Frequently Asked Questions and User Guide
Navigation in RAVE
Date
Aug 2024
Version
3.1

Introduction

Due to some observed irregularities when it comes to the differences between area definitions in RAVE and the ones written to the ODIM H5 files we investigated these irregularities and also decided to write a document about the navigation within RAVE and how it compares to the ODIM H5 area definitions.

Summary

During the investigation the cause of the irregularity was found and due to that some changes has to be made related to the current RAVE area definition handling. Currently, the areas created by RAVE defines the outer boundaries without any adjustments of corners. However, when writing to ODIM H5 it is assumed that the boundaries have been adjusted.

The actual navigation is on the other hand working as expected with quite good accuracy.

A simple approach to solve the found inconsistency is to remove the adjustment of corner coordinates when reading and writing to the ODIM H5 format. This might cause some problems for users of the current ODIM H5 files since the UL/UR/LL and LR coordinates will be altered.

ODIM H5 Area Definition

ODIM H5 specifies 4 different longitude/latitude pairs.

  • /where/LL_lon, /where/LL_lat
  • /where/LR_lon, /where/LR_lat
  • /where/UL_lon, /where/UL_lat
  • /where/UR_lon, /where/UR_lat

These coordinates defines the outer boundaries of the area covered.

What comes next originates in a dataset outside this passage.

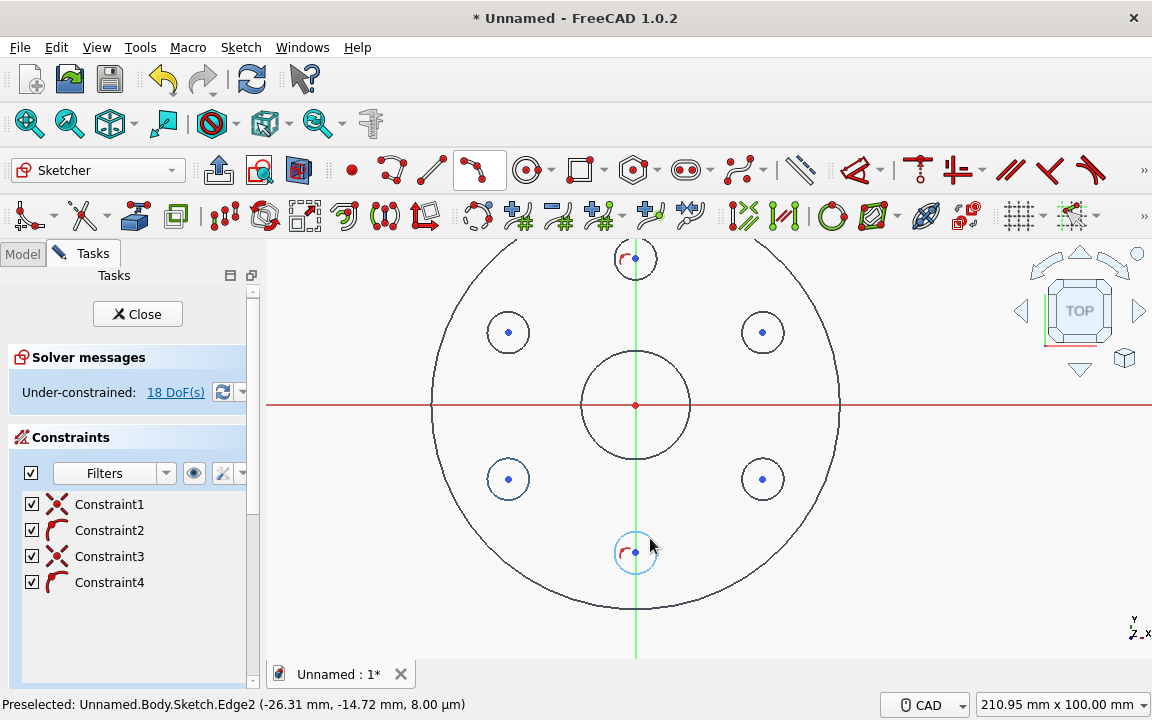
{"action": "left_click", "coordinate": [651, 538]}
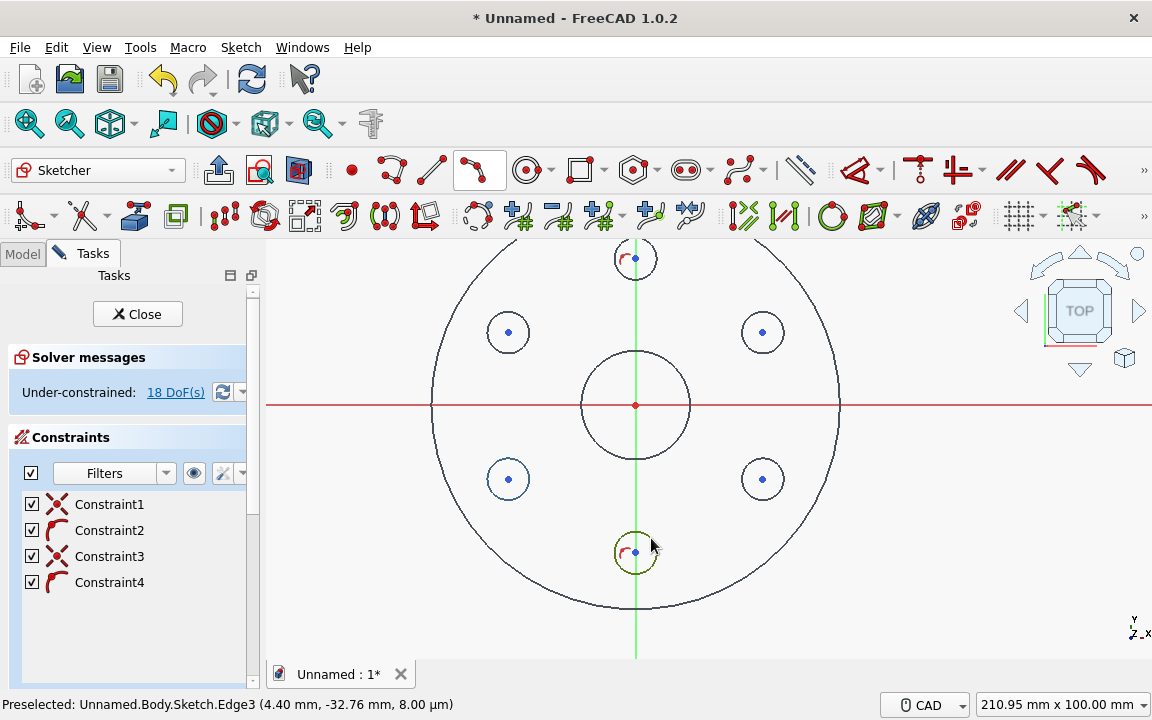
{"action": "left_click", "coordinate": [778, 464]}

Besides these coordinate pairs, the area definition is also made up by xsize, ysize, xscale, yscale and a PROJ.4 projection definition. This is best illustrated with a picture.

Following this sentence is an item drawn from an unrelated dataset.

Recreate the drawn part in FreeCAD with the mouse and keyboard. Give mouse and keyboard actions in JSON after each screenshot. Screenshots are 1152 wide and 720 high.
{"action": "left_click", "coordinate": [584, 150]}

Figure 1: ODIM H5 Area Definition

We define an area that we want to cover with 4 longitude/latitude pairs that defines the corners. These corners are Upper Left, Upper Right, Lower Left and Lower Right. However, these pairs will not be useful without a projection and this is defined as a PROJ.4 string. Since it is possible to translate from lon/lat to a metric scale when using the PROJ.4 library we only need to determine what xsize and ysize to get the xscale and yscale which in our example is 2000 meter. Obviously, this is not an ideal approach since it will give scales with a lot of decimals. To overcome this, it’s easier to just specify the Lower Left pair and then the scale and resolution and from that determine the other lon/lat pairs.

As you can see in the above picture the area has been divided into a 4x4 area with a 2000 meter resolution. Each point in the area is defined by a (X,Y) coordinate that is placed in the center of each sub area. Hence, the UL/UR/.. defines the actual outer boundaries of the area.

RAVE Area Definition

RAVE defines the area somewhat different when it comes to the area extent definition. Firstly, the areas extent is defined in meters according to the actual projection which means that the coorners are defined in a metric scale. Also, the only corners defined are lower left and upper right since the other corners can be derived from these two corners. The rest of the information is the same as defined in the ODIM H5 area definition. Namely, xsize, xscale, ysize, yscale and the PROJ.4 projection string. To simplify calculations and speed things up we have decided to move/transform the calculation points from center of the sub areat to the Upper Left corner. By doing this it is easy and fast to navigate and determine the actual longitude and latitude coordinates by using the following formula:

lonlat (x, y) = projection.inv(LL.x + x*xscale, UR.y – y*yscale)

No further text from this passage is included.